There's no way for me to sign a form saying "these people are clearing out my house/garden."

And that's even assuming me hiring someone who's hiring a van will be acceptable. And managing to hire people who understand that 6 hours' work in a garden does not include after dark.
 
I've been somewhat cautious about picking stuff up recently. Is it ill-advised doing it with your hands, given the public health advice?
 
I suggest wearing decent work gloves (riggers or similar) and use one of the "helping hand" devices. Spray them with disinfectant when you've finished and wash your hands.
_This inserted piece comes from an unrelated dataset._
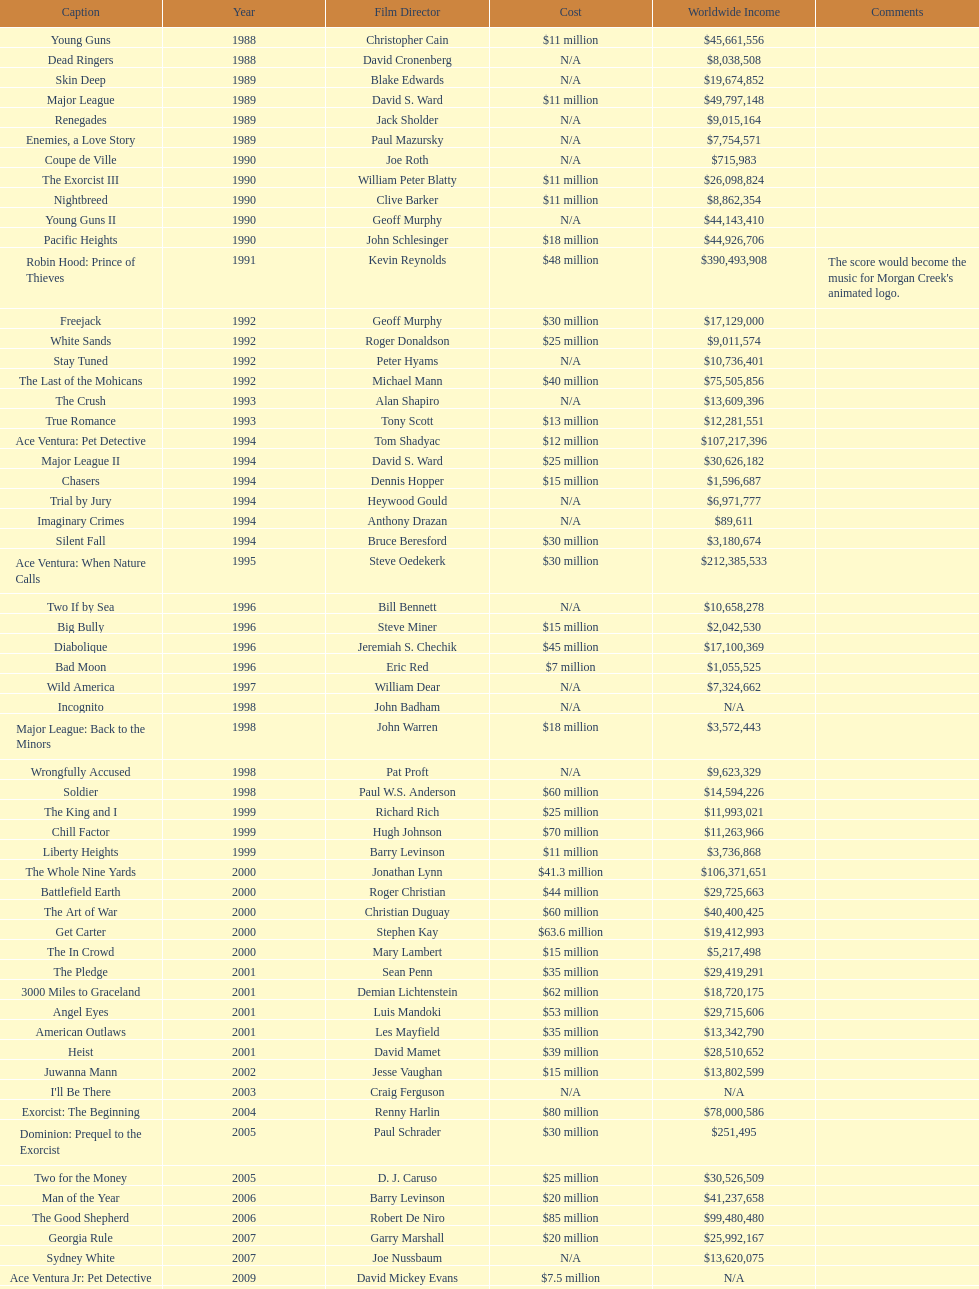Between ace ventura: when nature calls and major league: back to the minors, which movie had a larger budget? Ace Ventura: When Nature Calls. 
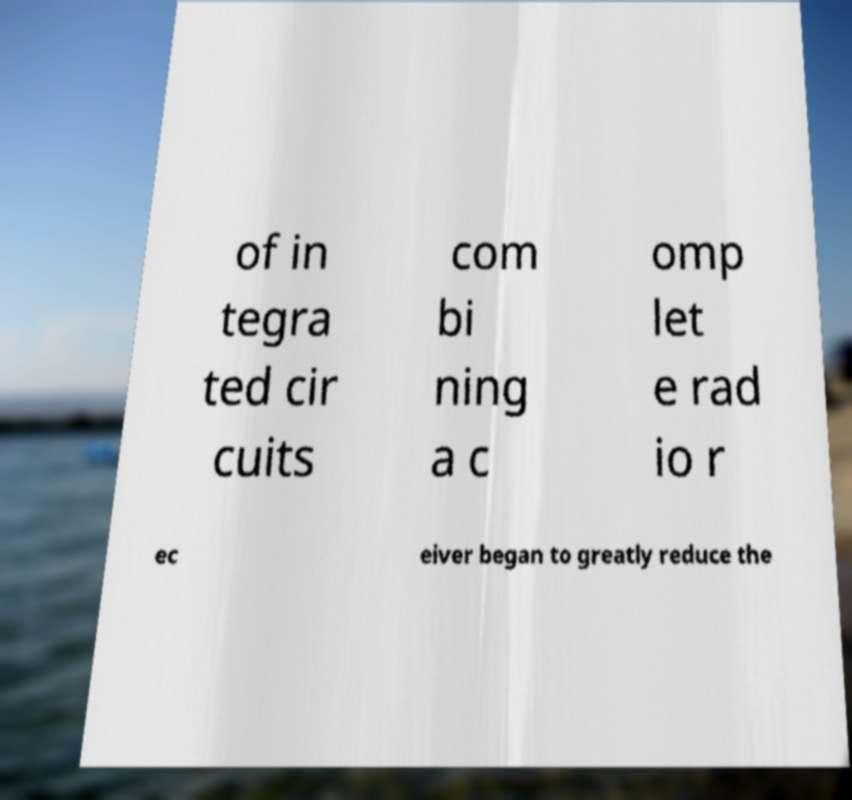Can you accurately transcribe the text from the provided image for me? of in tegra ted cir cuits com bi ning a c omp let e rad io r ec eiver began to greatly reduce the

Using a binbag "ring" and the "helping hand" reduces the bending factor [ experience from beach and national park litter picking activities ] ...
 
I suggest wearing decent work gloves (riggers or similar) and use one of the "helping hand" devices. Spray them with disinfectant when you've finished and wash your hands.

Using a binbag "ring" and the "helping hand" reduces the bending factor [ experience from beach and national park litter picking activities ] ...

I don't do formal litter picking as such, more picking up the odd bits I see, especially the inevitable and omnipresent Red Bull or Monster cans. My query was whether this was less advisable since the pandemic onset.
 
I don't do formal litter picking as such, more picking up the odd bits I see, especially the inevitable and omnipresent Red Bull or Monster cans. My query was whether this was less advisable since the pandemic onset.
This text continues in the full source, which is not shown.